DATA PROVIDED:

▬▬▬

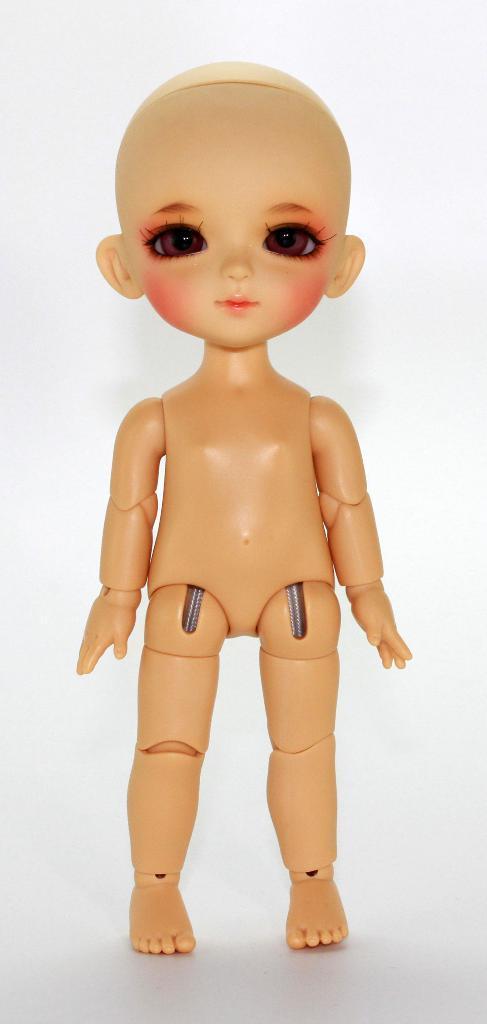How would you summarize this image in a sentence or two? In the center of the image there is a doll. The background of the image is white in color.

▬▬▬

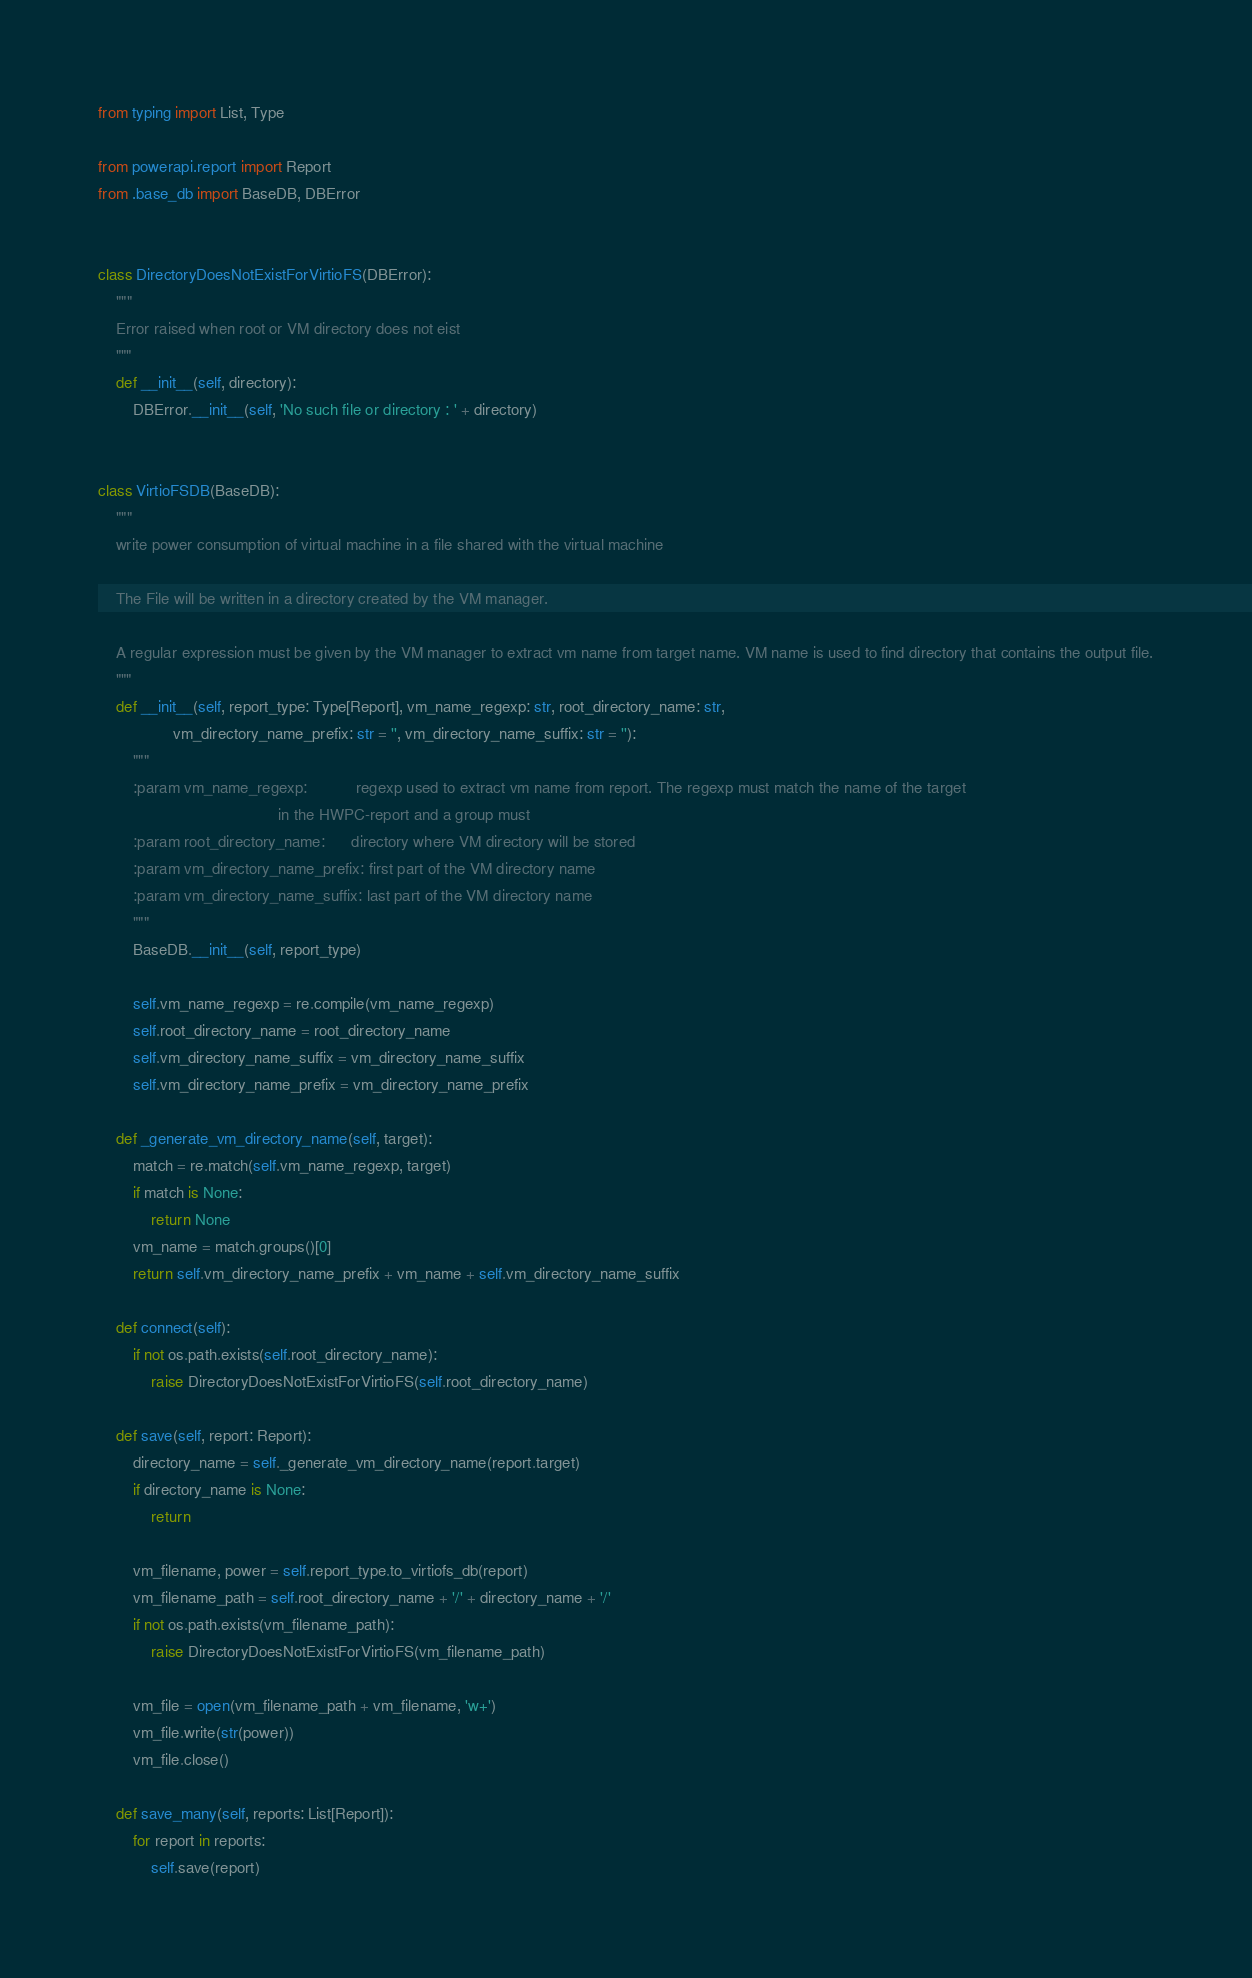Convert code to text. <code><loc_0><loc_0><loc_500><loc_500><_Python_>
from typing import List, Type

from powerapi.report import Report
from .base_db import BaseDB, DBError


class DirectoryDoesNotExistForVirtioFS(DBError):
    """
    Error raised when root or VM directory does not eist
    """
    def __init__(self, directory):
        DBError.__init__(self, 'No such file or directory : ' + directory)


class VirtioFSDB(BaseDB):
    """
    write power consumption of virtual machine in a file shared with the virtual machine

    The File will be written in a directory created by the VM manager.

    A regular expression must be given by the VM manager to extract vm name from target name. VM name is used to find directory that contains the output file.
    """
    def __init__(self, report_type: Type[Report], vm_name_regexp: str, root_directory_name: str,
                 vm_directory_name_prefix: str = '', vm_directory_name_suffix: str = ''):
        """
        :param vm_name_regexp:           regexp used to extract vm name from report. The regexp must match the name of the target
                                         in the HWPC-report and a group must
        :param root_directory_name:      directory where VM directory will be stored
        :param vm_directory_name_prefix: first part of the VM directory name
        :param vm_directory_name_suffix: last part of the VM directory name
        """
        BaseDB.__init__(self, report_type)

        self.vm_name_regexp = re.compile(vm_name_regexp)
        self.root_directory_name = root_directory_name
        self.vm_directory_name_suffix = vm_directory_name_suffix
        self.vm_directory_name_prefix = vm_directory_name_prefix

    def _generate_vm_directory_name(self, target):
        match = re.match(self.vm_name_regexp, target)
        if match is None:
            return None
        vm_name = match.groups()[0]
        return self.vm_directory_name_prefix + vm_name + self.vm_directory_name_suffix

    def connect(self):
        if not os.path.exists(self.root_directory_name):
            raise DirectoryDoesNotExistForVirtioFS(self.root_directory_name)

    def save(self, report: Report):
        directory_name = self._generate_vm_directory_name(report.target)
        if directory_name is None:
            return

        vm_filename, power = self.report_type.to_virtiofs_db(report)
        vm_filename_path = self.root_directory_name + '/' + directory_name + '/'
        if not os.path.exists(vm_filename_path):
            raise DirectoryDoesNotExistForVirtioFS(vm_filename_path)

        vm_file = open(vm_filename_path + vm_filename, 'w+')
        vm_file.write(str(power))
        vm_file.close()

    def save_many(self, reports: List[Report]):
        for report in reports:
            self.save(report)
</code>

▬▬▬

INSTRUCTIONS TO FOLLOW: Only one stretch of the records above is wanted: the lines between the one holding "from powerapi.report import Report" and the one holding "The File will", inclusive, reproduced exactly.

REPLY:
from powerapi.report import Report
from .base_db import BaseDB, DBError


class DirectoryDoesNotExistForVirtioFS(DBError):
    """
    Error raised when root or VM directory does not eist
    """
    def __init__(self, directory):
        DBError.__init__(self, 'No such file or directory : ' + directory)


class VirtioFSDB(BaseDB):
    """
    write power consumption of virtual machine in a file shared with the virtual machine

    The File will be written in a directory created by the VM manager.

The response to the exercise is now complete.